Si nous péchons, c’est que nous manquons d’ambition, nous ne voulons pas notre grandeur. La solution de tous les problèmes, c’est de constituer cette personne où la communion s’établit dans la solitude du cœur à cœur avec Dieu. Les monastères ne sont là que comme des catalyseurs pour nous rappeler au silence. Nous avons tous la même vocation : devenir ce silence, cette disponibilité, ce regard à l’écoute de Dieu. Il faut que nous en payions le prix. Mais la fin, c’est cette joie, cette grâce, cette légèreté, cette infinité de l’homme introduit dans le dialogue de la Trinité. La vie divine circule en lui.

 

Refaire avec Jésus le pèlerinage à Nazareth, entreprendre la conquête du monde silencieusement. En payer le prix à chaque pas. Avoir assez de foi pour croire que la vie humaine est infinie, qu’elle est nécessaire à Dieu.
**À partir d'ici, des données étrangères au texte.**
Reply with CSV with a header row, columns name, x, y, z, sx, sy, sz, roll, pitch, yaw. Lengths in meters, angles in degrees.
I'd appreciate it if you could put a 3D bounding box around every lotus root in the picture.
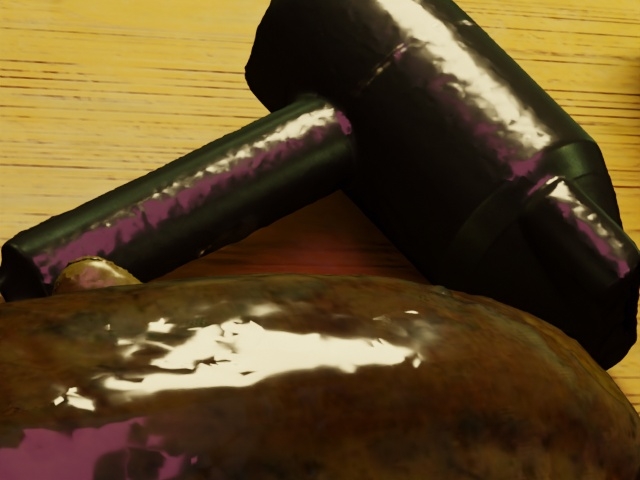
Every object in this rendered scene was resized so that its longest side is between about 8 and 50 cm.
name,x,y,z,sx,sy,sz,roll,pitch,yaw
lotus root,-0.025,0.134,0.642,0.346,0.250,0.250,-6,49,-24

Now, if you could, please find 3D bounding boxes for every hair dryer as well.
name,x,y,z,sx,sy,sz,roll,pitch,yaw
hair dryer,0.000,0.000,0.912,0.302,0.116,0.244,-27,60,-26

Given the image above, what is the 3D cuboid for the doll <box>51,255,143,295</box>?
name,x,y,z,sx,sy,sz,roll,pitch,yaw
doll,-0.084,0.078,0.800,0.209,0.097,0.137,2,83,-9
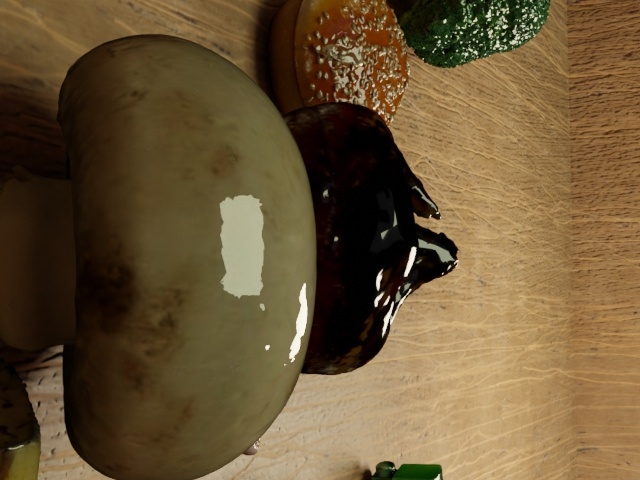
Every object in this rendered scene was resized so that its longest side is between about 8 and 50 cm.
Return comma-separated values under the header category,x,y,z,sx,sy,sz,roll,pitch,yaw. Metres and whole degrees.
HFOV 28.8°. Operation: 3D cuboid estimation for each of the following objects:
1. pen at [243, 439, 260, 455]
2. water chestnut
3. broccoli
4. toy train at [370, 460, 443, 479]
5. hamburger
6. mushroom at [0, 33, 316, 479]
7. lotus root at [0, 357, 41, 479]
category,x,y,z,sx,sy,sz,roll,pitch,yaw
pen,-0.110,0.183,1.363,0.197,0.032,0.053,59,36,-54
water chestnut,0.000,0.000,1.323,0.289,0.244,0.289,-3,90,-66
broccoli,0.235,-0.413,2.013,0.275,0.308,0.308,47,32,-6
toy train,0.132,0.441,1.824,0.085,0.119,0.251,-37,120,-65
hamburger,0.024,-0.227,1.579,0.237,0.147,0.237,-4,90,-65
mushroom,-0.159,0.016,0.996,0.362,0.294,0.362,178,-90,-76
lotus root,-0.262,0.169,0.930,0.159,0.095,0.135,-163,-107,-71
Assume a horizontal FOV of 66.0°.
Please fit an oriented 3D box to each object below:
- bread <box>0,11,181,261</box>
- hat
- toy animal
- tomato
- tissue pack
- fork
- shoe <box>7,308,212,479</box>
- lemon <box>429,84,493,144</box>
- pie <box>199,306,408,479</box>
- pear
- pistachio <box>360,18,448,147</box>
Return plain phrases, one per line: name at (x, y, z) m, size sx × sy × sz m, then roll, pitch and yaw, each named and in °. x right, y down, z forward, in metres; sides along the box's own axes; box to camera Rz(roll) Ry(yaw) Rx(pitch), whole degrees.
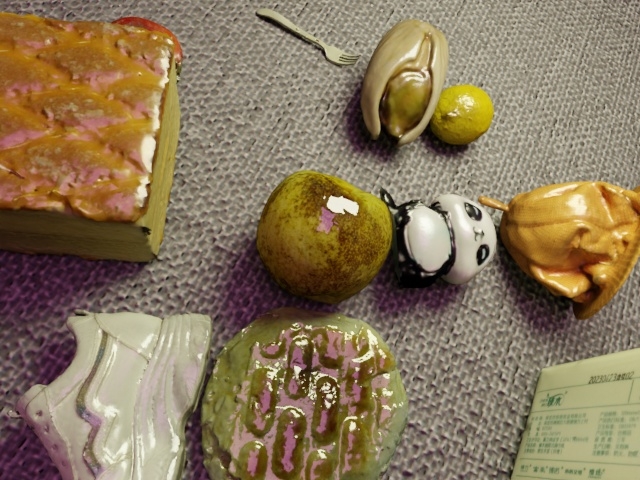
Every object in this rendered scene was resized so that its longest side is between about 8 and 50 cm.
bread at (-0.341, -0.129, 0.665) m, size 0.279 × 0.207 × 0.279 m, roll 2°, pitch 71°, yaw -10°
hat at (0.377, -0.031, 0.817) m, size 0.233 × 0.244 × 0.233 m, roll 24°, pitch 57°, yaw 11°
toy animal at (0.190, -0.010, 0.786) m, size 0.179 × 0.138 × 0.165 m, roll -3°, pitch 87°, yaw -10°
tomato at (-0.300, -0.307, 0.807) m, size 0.139 × 0.091 × 0.159 m, roll 18°, pitch 69°, yaw -5°
tissue pack at (0.431, 0.285, 0.600) m, size 0.207 × 0.380 × 0.297 m, roll 28°, pitch 67°, yaw -2°
fork at (-0.027, -0.388, 0.944) m, size 0.220 × 0.028 × 0.034 m, roll 27°, pitch 73°, yaw 2°
shoe at (-0.265, 0.239, 0.592) m, size 0.211 × 0.132 × 0.341 m, roll 11°, pitch 62°, yaw -7°
lemon at (0.258, -0.230, 0.902) m, size 0.133 × 0.109 × 0.109 m, roll -17°, pitch 73°, yaw -41°
pie at (-0.019, 0.227, 0.682) m, size 0.307 × 0.071 × 0.306 m, roll 6°, pitch 68°, yaw -14°
pear at (0.000, 0.000, 0.714) m, size 0.197 × 0.197 × 0.197 m, roll 5°, pitch 69°, yaw -12°
pistachio at (0.146, -0.279, 0.869) m, size 0.138 × 0.153 × 0.237 m, roll 19°, pitch 73°, yaw -3°
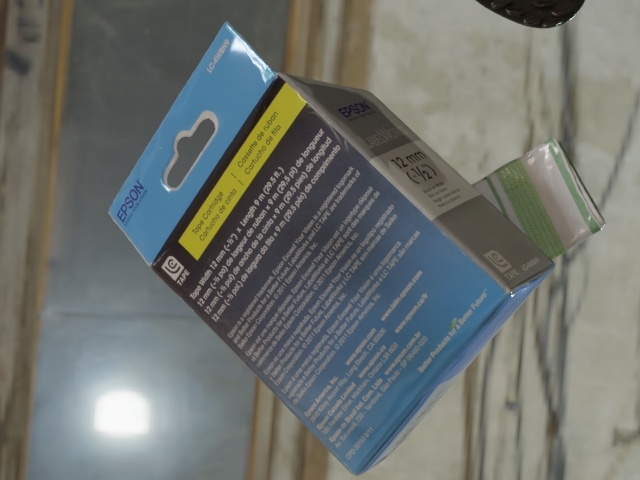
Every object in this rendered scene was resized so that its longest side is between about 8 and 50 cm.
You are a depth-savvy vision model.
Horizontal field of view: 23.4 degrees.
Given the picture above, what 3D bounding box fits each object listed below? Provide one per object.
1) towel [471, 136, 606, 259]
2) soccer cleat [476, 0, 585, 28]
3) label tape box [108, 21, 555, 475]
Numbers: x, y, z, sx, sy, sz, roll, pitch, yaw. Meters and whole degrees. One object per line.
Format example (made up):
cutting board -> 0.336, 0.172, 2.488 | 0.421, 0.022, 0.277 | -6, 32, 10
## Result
towel -> 0.181, -0.021, 1.463 | 0.152, 0.113, 0.023 | -29, 146, 10
soccer cleat -> 0.109, -0.306, 1.493 | 0.318, 0.109, 0.116 | 23, -155, -10
label tape box -> 0.000, 0.000, 1.398 | 0.348, 0.249, 0.115 | 45, -148, 15
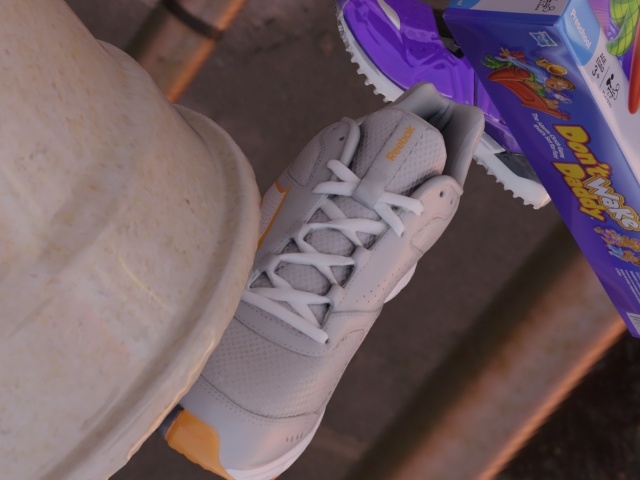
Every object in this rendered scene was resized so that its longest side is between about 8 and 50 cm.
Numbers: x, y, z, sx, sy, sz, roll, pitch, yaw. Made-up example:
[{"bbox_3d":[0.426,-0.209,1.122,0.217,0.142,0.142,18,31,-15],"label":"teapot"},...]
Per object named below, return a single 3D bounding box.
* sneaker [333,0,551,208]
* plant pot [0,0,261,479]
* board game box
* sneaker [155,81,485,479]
[{"bbox_3d":[0.146,-0.157,1.310,0.293,0.102,0.146,34,125,-30],"label":"sneaker"},{"bbox_3d":[-0.237,-0.063,0.562,0.334,0.334,0.305,-28,121,1],"label":"plant pot"},{"bbox_3d":[0.224,-0.116,0.994,0.347,0.078,0.233,51,60,-44],"label":"board game box"},{"bbox_3d":[0.000,0.000,0.688,0.099,0.262,0.121,36,123,-1],"label":"sneaker"}]

Dieu ne peut rien sans nous.

 

L’homme né de Dieu et le vrai Dieu se rencontrent au même moment.

 

La Vierge, Notre-Dame du Silence n’a rien dit toute sa vie. Elle a si merveilleusement écouté, gardé dans son cœur cette vivante parole dont elle est née et qui est née d’elle. Elle nous aidera à entrer dans cette immensité, cette nouveauté incroyable, inépuisable.

 

Nous sommes asservis dans une mythologie, perdus dans des rites magiques. Pour des chrétiens vivants, il n’est jamais rien de trop beau. La Vierge du Silence nous enfantera, la médiatrice de toutes grâces. Elle nous aidera à être cet Himalaya du haut duquel la lumière brillera.

 

La grande menace, la seule, c’est d’ignorer ce trésor qui est le Dieu vivant, d’ignorer que le Ciel est au-dedans de nous et que c’est aujourd’hui que nous avons à le devenir.